_What to work on_
Set down nothing but the lines from the one containing "Mark the basketball" to the final line of the material, exactly as written, and drop the pictures.
BEGIN Material shown
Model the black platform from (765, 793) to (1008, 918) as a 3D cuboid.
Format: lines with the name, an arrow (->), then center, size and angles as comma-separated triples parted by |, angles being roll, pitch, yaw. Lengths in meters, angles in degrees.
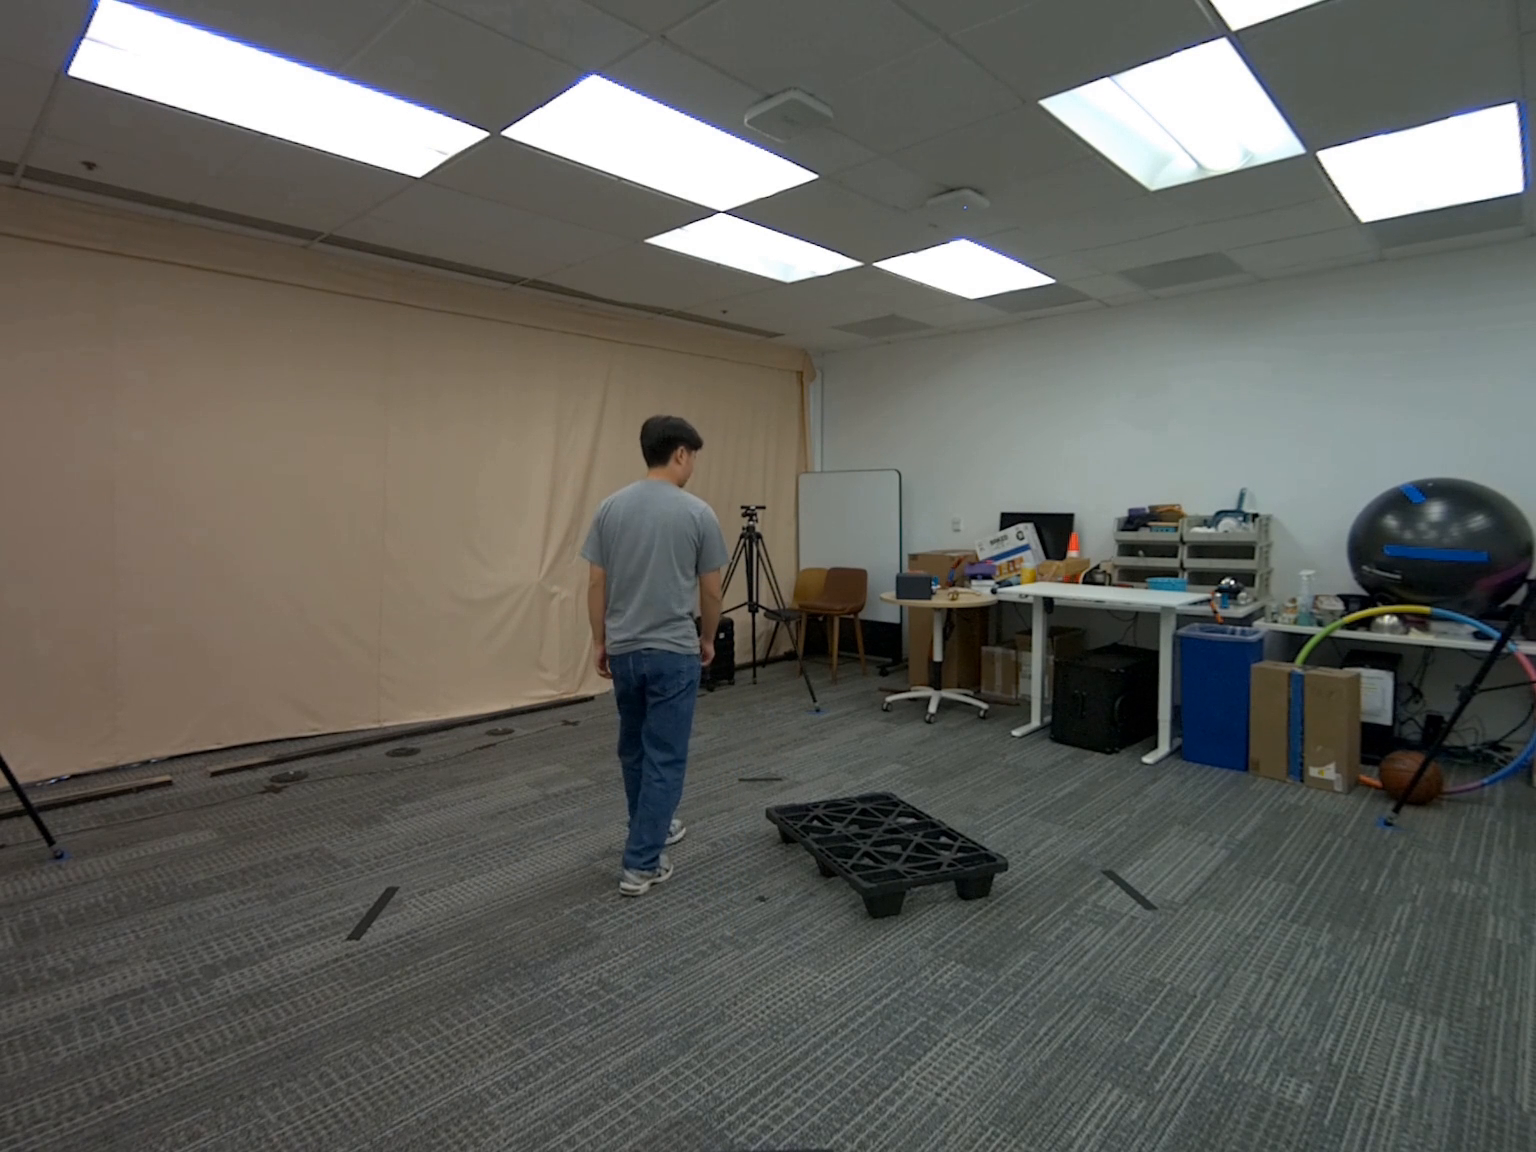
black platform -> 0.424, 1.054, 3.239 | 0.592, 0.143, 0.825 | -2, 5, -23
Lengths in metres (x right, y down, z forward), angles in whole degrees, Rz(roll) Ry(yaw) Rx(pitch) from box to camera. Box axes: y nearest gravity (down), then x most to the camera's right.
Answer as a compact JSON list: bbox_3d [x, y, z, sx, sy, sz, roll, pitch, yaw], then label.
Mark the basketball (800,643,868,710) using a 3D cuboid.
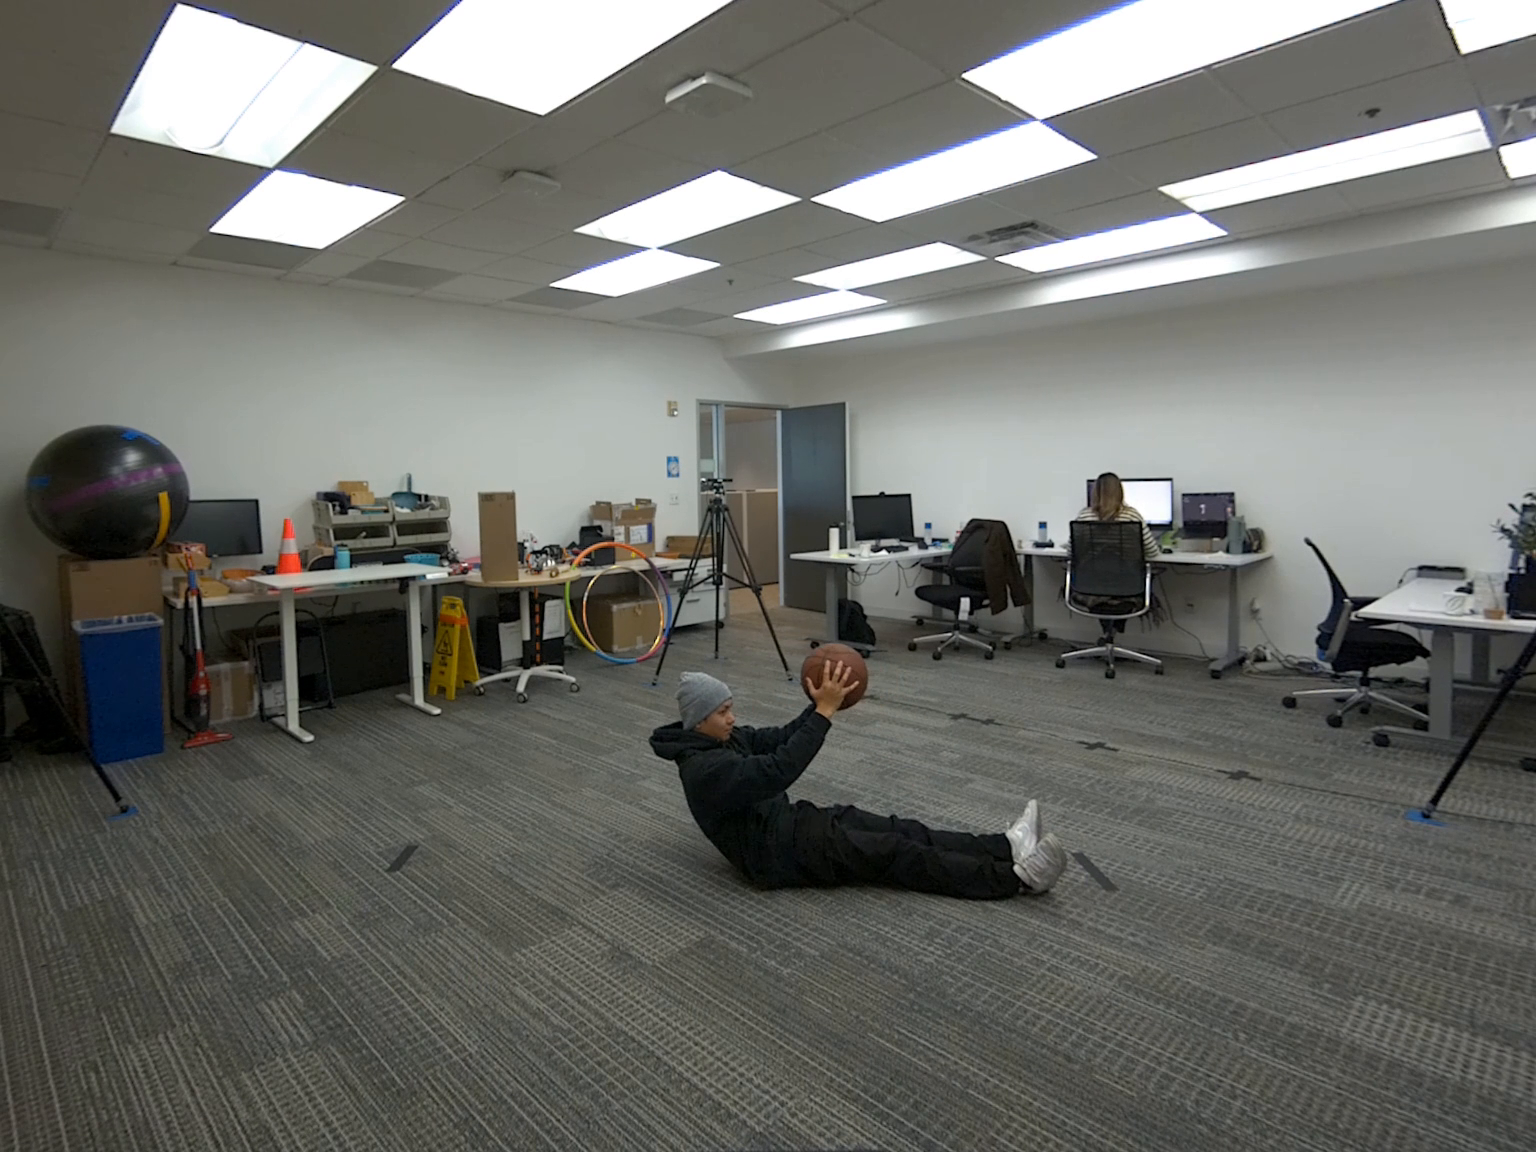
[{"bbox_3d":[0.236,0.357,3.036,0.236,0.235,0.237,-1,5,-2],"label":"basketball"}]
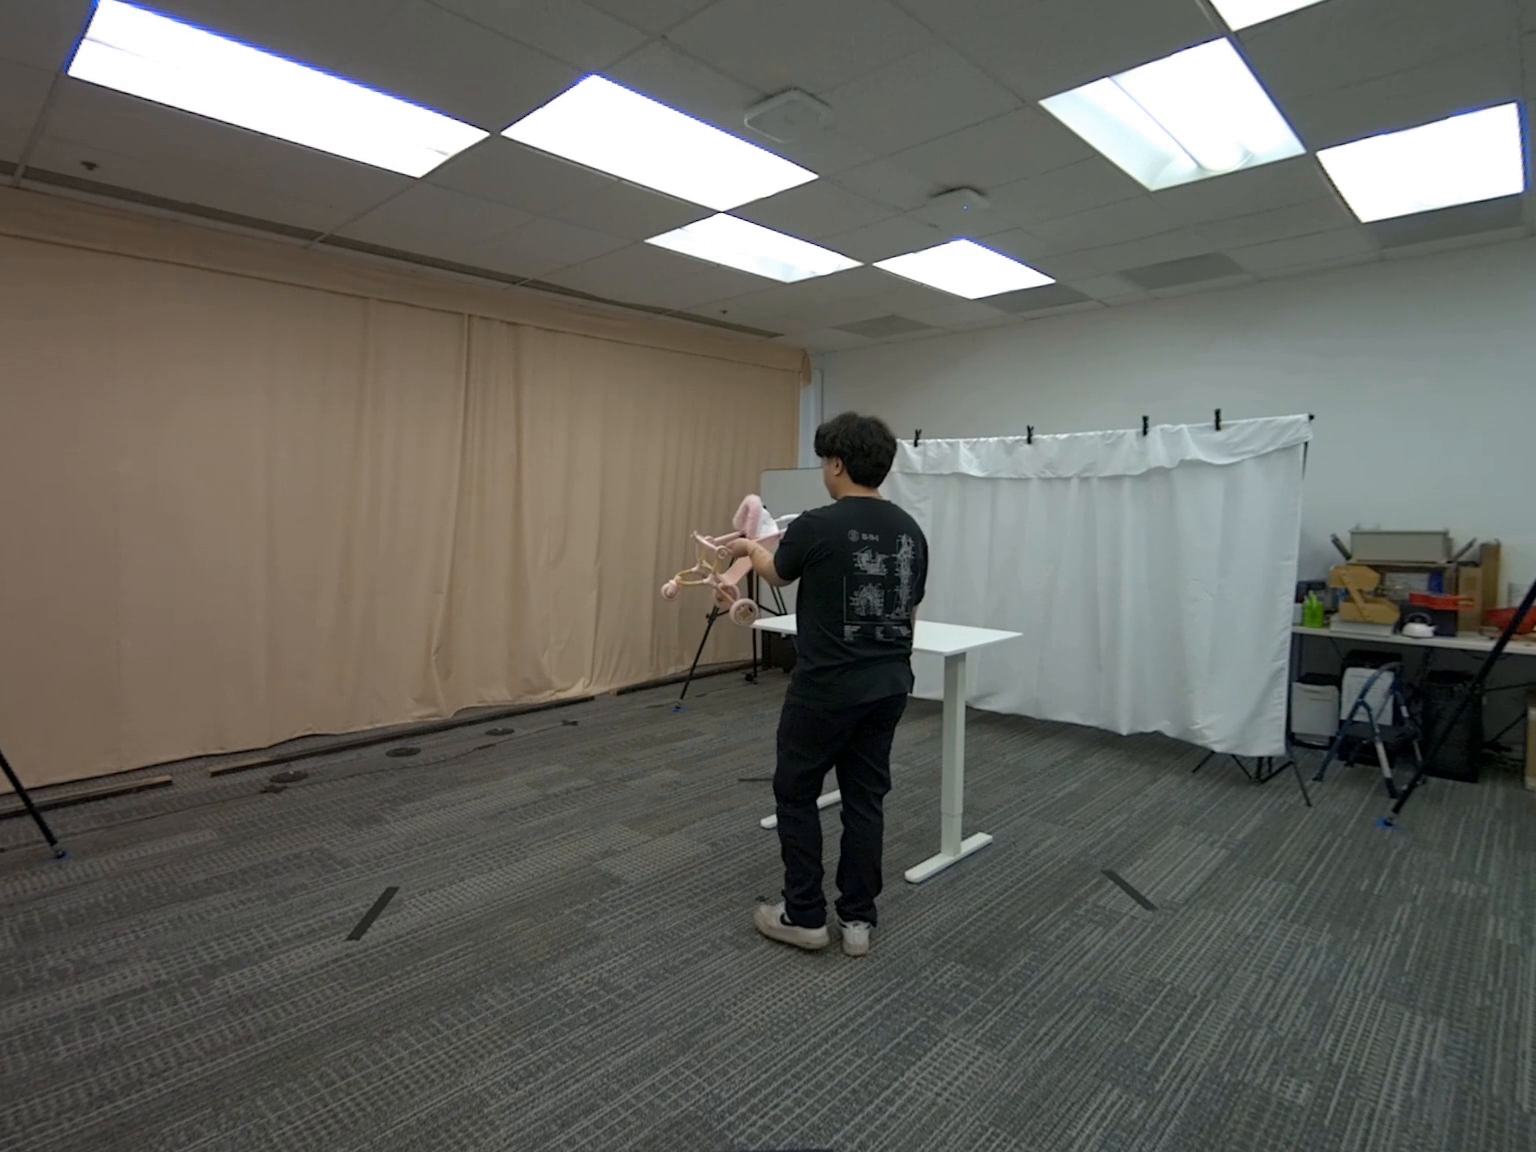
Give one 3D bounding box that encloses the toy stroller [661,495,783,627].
END Material shown
_Task response_
Mark the basketball (800,643,868,710) using a 3D cuboid.
[{"bbox_3d":[0.236,0.357,3.036,0.236,0.235,0.237,-1,5,-2],"label":"basketball"}]
Give one 3D bounding box that encloses the toy stroller [661,495,783,627].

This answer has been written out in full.